Anyone headin out? if so where u headed and what kinda setup will u be using. ill probably just be along the missouri or up near washburn in a field blind with a few dozen socks and giants.


----------



## dogdigger (Jan 26, 2004)

what are the dates for early season?

mark


----------



## stolenbase (Aug 23, 2003)

its september 1st to uhm  i cant find it!..ill write back once i find all the info on limits and sunset sunrise for everyone...well i guess im skippin school that day heheheh


----------



## dogdigger (Jan 26, 2004)

i saw sep1 but thats all so i figured i would ask and see

mark


----------



## nodakoutdoors.com (Feb 27, 2002)

It's all tentative I believe..should be shaped up real soon.

I can't wait for this fall.....

29 days, 1 hours, 35 minutes, and 5 seconds left until Early Season Goose Opener


----------



## KEN W (Feb 22, 2002)

Hildebrandt said at the advisory meetings it will be Sept 1 even though that is a wednesday.

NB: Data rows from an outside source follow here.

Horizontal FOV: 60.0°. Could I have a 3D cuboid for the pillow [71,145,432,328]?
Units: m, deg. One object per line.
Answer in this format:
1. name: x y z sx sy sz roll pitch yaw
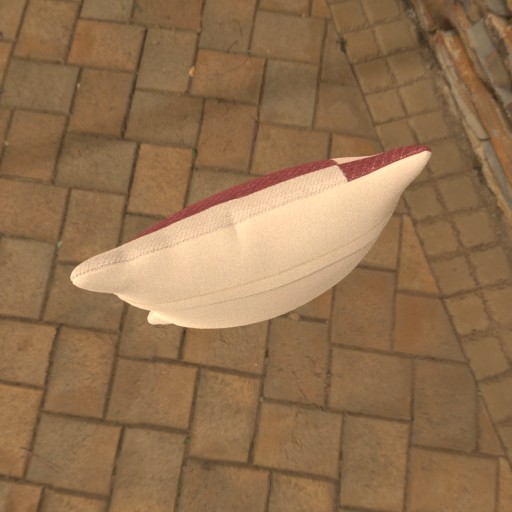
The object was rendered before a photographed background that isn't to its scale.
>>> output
1. pillow: 0.000 0.000 0.817 0.536 0.506 0.229 -20 77 -5
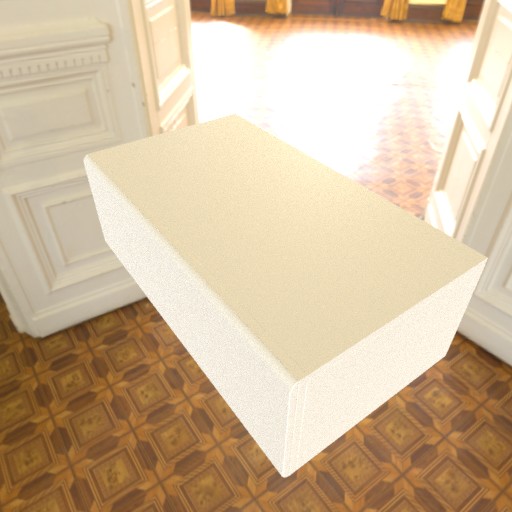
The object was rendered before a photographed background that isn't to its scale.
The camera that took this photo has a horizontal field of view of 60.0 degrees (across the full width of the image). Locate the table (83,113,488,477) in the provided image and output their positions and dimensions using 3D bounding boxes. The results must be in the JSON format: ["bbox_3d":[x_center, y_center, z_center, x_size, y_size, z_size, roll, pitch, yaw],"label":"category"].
[{"bbox_3d":[0.000,0.000,1.418,0.639,0.442,1.097,-25,46,-27],"label":"table"}]
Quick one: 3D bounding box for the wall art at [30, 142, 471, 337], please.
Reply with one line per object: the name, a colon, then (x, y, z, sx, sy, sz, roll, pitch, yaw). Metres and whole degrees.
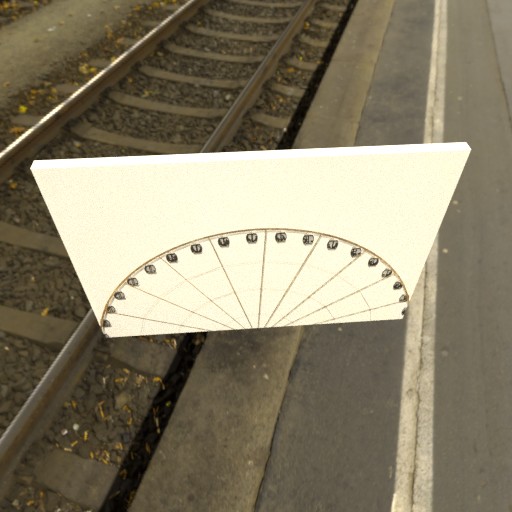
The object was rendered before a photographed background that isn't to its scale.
wall art: (0.000, 0.000, 1.436, 1.144, 0.767, 0.038, -3, 46, -3)
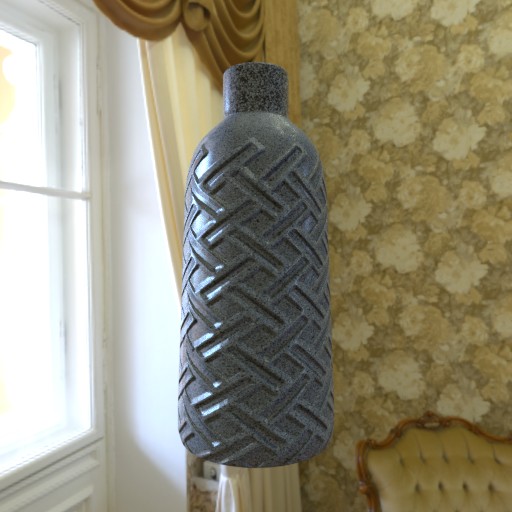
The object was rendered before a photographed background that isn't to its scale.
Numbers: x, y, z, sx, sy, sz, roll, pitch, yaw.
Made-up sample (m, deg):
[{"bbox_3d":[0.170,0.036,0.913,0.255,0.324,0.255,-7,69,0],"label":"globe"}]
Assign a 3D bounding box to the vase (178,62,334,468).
[{"bbox_3d":[0.000,0.000,0.348,0.122,0.282,0.122,0,1,0],"label":"vase"}]
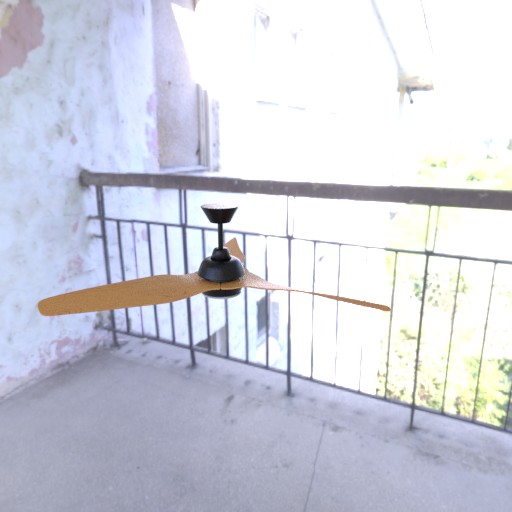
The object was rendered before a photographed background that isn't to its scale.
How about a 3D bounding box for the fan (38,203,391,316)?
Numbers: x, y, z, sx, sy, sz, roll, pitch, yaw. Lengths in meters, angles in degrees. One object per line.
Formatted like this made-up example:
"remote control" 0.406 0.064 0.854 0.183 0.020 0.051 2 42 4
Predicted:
"fan" 0.000 0.000 1.651 1.010 0.355 1.142 8 17 28
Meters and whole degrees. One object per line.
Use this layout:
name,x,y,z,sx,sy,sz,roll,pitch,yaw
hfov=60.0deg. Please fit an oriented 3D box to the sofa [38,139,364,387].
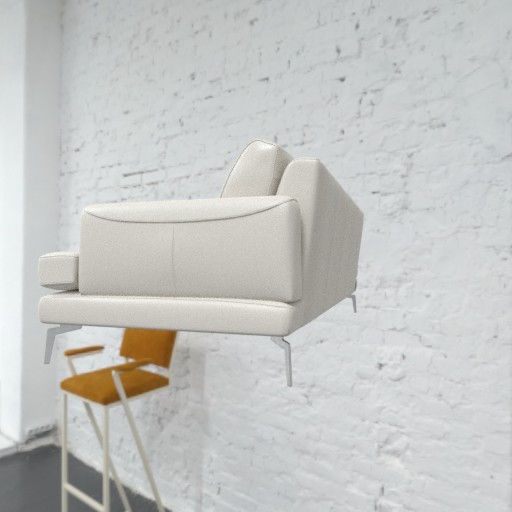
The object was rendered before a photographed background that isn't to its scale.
sofa,0.000,0.000,2.290,0.974,0.765,1.940,0,-1,18
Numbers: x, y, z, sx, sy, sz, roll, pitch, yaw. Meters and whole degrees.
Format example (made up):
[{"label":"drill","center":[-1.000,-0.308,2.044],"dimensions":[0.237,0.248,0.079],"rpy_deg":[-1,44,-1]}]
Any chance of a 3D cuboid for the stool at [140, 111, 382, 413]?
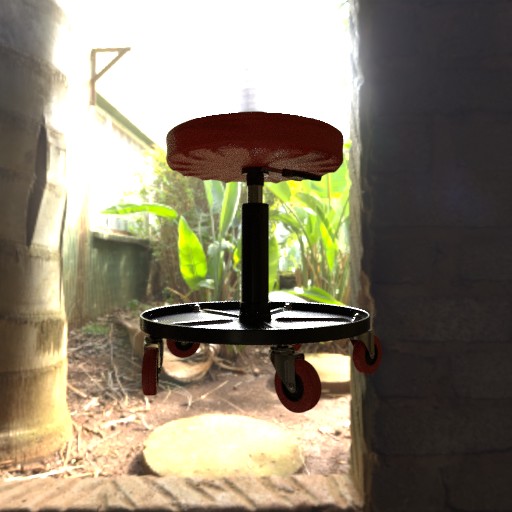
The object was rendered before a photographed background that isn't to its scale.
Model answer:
[{"label":"stool","center":[0.000,0.000,0.681],"dimensions":[0.381,0.365,0.382],"rpy_deg":[0,0,-36]}]
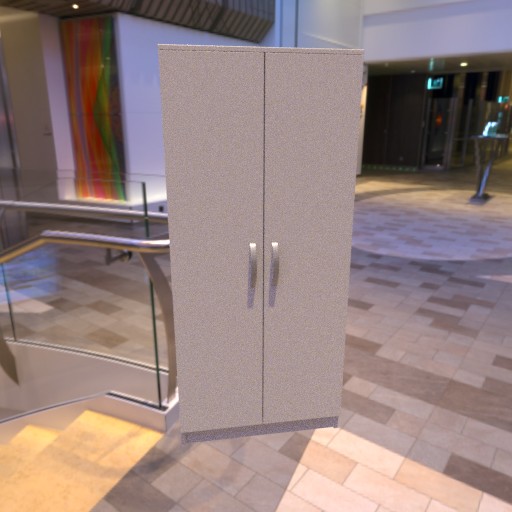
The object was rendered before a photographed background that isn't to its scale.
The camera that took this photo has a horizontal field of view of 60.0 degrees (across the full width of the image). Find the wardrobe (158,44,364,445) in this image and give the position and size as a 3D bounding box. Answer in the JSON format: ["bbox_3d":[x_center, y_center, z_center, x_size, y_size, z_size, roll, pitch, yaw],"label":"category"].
[{"bbox_3d":[0.000,0.000,2.039,0.760,1.700,0.470,-3,17,-9],"label":"wardrobe"}]
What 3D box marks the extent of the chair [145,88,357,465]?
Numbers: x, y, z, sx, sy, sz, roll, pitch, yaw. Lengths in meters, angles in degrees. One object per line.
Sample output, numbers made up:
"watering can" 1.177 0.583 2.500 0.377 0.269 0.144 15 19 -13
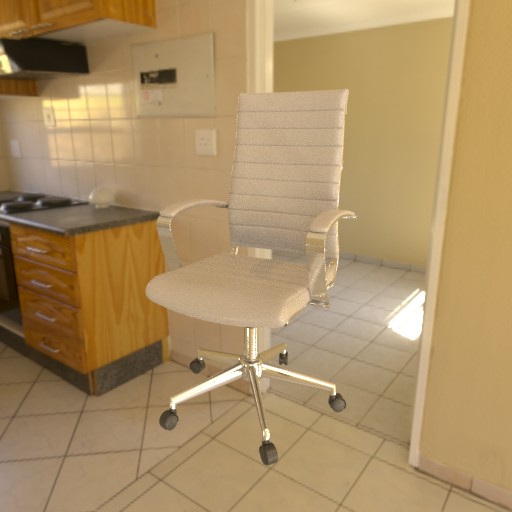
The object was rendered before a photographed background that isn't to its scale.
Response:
"chair" 0.000 0.000 1.577 0.679 1.149 0.667 8 17 26
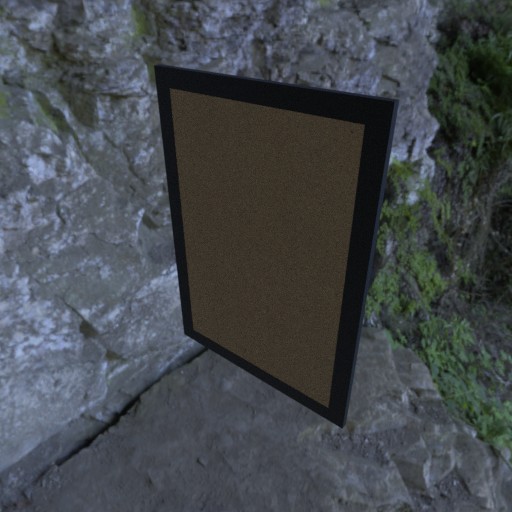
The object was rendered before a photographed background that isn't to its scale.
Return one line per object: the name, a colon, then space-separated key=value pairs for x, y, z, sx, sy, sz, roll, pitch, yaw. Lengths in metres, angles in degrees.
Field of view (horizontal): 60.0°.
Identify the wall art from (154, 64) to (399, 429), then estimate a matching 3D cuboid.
wall art: x=0.000 y=0.000 z=0.710 sx=0.381 sy=0.534 sz=0.013 roll=23 pitch=38 yaw=32
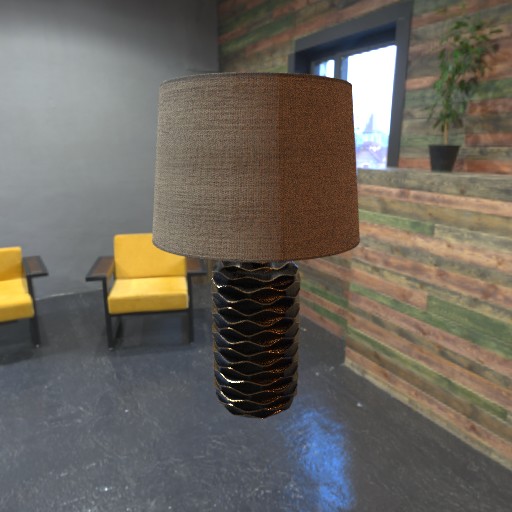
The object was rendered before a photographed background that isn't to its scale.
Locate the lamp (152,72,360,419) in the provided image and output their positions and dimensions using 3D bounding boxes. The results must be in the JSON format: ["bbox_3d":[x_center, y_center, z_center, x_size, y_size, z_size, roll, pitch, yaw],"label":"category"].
[{"bbox_3d":[0.000,0.000,0.831,0.376,0.594,0.376,0,14,0],"label":"lamp"}]
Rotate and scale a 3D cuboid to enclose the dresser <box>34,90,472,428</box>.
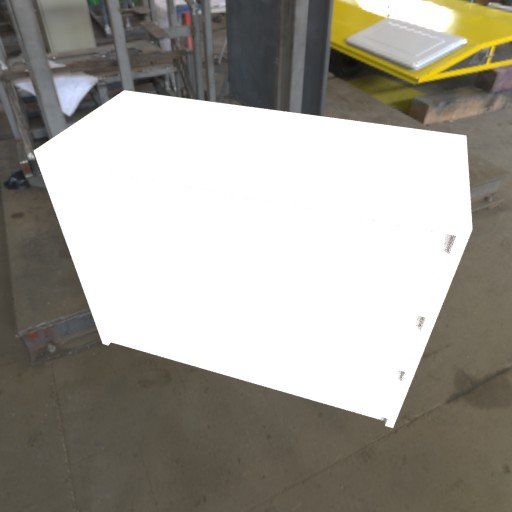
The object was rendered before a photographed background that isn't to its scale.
[{"bbox_3d":[0.000,0.000,1.485,1.100,0.820,0.460,12,42,14],"label":"dresser"}]
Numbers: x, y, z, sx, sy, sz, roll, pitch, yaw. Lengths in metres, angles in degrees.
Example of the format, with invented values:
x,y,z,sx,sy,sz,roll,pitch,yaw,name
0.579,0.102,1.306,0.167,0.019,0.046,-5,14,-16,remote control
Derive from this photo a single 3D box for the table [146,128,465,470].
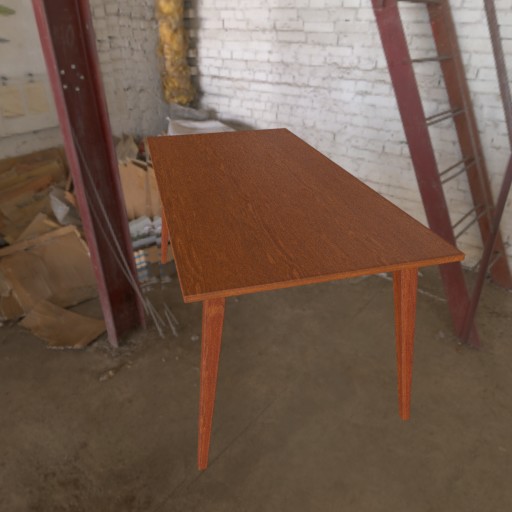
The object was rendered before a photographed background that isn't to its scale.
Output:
x,y,z,sx,sy,sz,roll,pitch,yaw,name
0.000,0.000,2.039,0.811,0.755,1.609,-8,30,-13,table

Guess I will have to hunt in the afternoon that day.


----------



## PJ (Oct 1, 2002)

Sept. 1, I'll be NE, by Grand Forks. :sniper:


----------



## GooseBuster3 (Mar 1, 2002)

PJ, you should roll down to my area :wink: 
Im ditching class!!


----------



## Matt Jones (Mar 6, 2002)

If you're ditching out on class you should roll up...we usually do alright on opener. :wink:


----------



## GooseBuster3 (Mar 1, 2002)

Im holding to my spots. :wink:


----------



## dunkonu (Apr 27, 2004)

Everybody may already know this but I just read that the dates for early season are the 1st through the 15th. It is posted on the NDGF page. For some reason I thought it was a week longer last year but I guess I was wrong. Allright thought I would pass it on to anyone that wasn't aware of it yet.


----------



## bigblackfoot (Mar 12, 2003)

Ditching class? What is class? Is there such a thing in the fall? Tyler who are you all hunting with on the opener?


----------



## GooseBuster3 (Mar 1, 2002)

I will probabaly be with Gandergrinder, Decoyer, Dan Beuidie, Dan larson, and acouple other fill ins. No mercy this opener!


----------



## H20fowl (Aug 11, 2004)

I hope this isn't a stupid question....but is there any good canada hunting around fargo for the early season? Any info is greatly appreciated!


----------



## GooseBuster3 (Mar 1, 2002)

Scout and you should find birds.


----------



## H20fowl (Aug 11, 2004)

Thanks. I will definately check it out...not sure exactly what direction I am heading yet but as long as I know they are around it is all good.


----------



## Ryan_Todd (Apr 11, 2004)

i don't think it will tak you long to find them. i've seen a ton of birds around fargo the past week.


----------



## fishunt (Jan 24, 2004)

I though geese start open Sept 23? is that true or Sept first? I am confusing


----------



## H20fowl (Aug 11, 2004)

How is it for posted signs? Is there much land that isn't posted? The reason I ask is I am originally from Devils Lake and it is just terrible up there now. You can drive 10 ft without a poster.


----------